* _Source data_:
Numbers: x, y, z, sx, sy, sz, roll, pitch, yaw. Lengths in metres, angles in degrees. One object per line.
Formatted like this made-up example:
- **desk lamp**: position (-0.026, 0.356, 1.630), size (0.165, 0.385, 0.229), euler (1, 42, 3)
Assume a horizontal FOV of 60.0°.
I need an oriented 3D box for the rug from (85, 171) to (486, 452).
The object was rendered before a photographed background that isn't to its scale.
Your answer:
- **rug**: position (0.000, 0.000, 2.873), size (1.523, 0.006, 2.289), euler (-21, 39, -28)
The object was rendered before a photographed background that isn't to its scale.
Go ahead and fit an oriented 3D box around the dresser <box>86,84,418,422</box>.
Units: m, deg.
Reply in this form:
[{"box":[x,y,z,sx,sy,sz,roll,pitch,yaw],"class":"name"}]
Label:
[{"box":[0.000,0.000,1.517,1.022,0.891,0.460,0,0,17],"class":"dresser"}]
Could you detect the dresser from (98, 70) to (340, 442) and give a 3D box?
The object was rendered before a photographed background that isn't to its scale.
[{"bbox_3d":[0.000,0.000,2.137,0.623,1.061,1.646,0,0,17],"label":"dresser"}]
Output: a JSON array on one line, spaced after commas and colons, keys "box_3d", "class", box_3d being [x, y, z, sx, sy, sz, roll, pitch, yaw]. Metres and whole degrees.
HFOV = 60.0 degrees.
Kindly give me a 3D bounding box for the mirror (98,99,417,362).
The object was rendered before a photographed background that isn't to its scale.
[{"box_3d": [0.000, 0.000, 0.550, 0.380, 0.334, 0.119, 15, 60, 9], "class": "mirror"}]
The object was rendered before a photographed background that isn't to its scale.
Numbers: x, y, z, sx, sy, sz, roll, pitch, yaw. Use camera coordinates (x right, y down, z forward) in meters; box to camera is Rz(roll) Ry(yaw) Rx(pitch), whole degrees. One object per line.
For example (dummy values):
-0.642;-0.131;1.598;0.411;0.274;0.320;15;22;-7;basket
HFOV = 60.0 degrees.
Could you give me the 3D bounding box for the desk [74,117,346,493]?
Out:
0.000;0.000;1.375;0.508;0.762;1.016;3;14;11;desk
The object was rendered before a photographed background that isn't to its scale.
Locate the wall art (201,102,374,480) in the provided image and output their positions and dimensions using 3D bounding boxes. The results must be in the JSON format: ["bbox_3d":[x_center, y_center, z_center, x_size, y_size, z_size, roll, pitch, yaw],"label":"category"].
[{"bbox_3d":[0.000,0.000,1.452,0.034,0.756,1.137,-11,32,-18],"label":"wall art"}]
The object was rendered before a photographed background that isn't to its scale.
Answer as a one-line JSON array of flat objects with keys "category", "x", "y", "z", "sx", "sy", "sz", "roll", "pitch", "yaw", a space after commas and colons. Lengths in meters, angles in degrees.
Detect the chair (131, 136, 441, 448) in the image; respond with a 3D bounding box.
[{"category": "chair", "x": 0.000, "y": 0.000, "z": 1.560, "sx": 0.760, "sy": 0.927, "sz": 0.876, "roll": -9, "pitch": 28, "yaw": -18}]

* _Work to be completed_: Return each line of the records above exactly as it reads.

* _Task result_:
Numbers: x, y, z, sx, sy, sz, roll, pitch, yaw. Lengths in metres, angles in degrees. One object per line.
Formatted like this made-up example:
- **desk lamp**: position (-0.026, 0.356, 1.630), size (0.165, 0.385, 0.229), euler (1, 42, 3)
Assume a horizontal FOV of 60.0°.
I need an oriented 3D box for the rug from (85, 171) to (486, 452).
The object was rendered before a photographed background that isn't to its scale.
Your answer:
- **rug**: position (0.000, 0.000, 2.873), size (1.523, 0.006, 2.289), euler (-21, 39, -28)
The object was rendered before a photographed background that isn't to its scale.
Go ahead and fit an oriented 3D box around the dresser <box>86,84,418,422</box>.
Units: m, deg.
Reply in this form:
[{"box":[x,y,z,sx,sy,sz,roll,pitch,yaw],"class":"name"}]
Label:
[{"box":[0.000,0.000,1.517,1.022,0.891,0.460,0,0,17],"class":"dresser"}]
Could you detect the dresser from (98, 70) to (340, 442) and give a 3D box?
The object was rendered before a photographed background that isn't to its scale.
[{"bbox_3d":[0.000,0.000,2.137,0.623,1.061,1.646,0,0,17],"label":"dresser"}]
Output: a JSON array on one line, spaced after commas and colons, keys "box_3d", "class", box_3d being [x, y, z, sx, sy, sz, roll, pitch, yaw]. Metres and whole degrees.
HFOV = 60.0 degrees.
Kindly give me a 3D bounding box for the mirror (98,99,417,362).
The object was rendered before a photographed background that isn't to its scale.
[{"box_3d": [0.000, 0.000, 0.550, 0.380, 0.334, 0.119, 15, 60, 9], "class": "mirror"}]
The object was rendered before a photographed background that isn't to its scale.
Numbers: x, y, z, sx, sy, sz, roll, pitch, yaw. Use camera coordinates (x right, y down, z forward) in meters; box to camera is Rz(roll) Ry(yaw) Rx(pitch), whole degrees. One object per line.
For example (dummy values):
-0.642;-0.131;1.598;0.411;0.274;0.320;15;22;-7;basket
HFOV = 60.0 degrees.
Could you give me the 3D bounding box for the desk [74,117,346,493]?
Out:
0.000;0.000;1.375;0.508;0.762;1.016;3;14;11;desk
The object was rendered before a photographed background that isn't to its scale.
Locate the wall art (201,102,374,480) in the provided image and output their positions and dimensions using 3D bounding boxes. The results must be in the JSON format: ["bbox_3d":[x_center, y_center, z_center, x_size, y_size, z_size, roll, pitch, yaw],"label":"category"].
[{"bbox_3d":[0.000,0.000,1.452,0.034,0.756,1.137,-11,32,-18],"label":"wall art"}]
The object was rendered before a photographed background that isn't to its scale.
Answer as a one-line JSON array of flat objects with keys "category", "x", "y", "z", "sx", "sy", "sz", "roll", "pitch", "yaw", a space after commas and colons. Lengths in meters, angles in degrees.
Detect the chair (131, 136, 441, 448) in the image; respond with a 3D bounding box.
[{"category": "chair", "x": 0.000, "y": 0.000, "z": 1.560, "sx": 0.760, "sy": 0.927, "sz": 0.876, "roll": -9, "pitch": 28, "yaw": -18}]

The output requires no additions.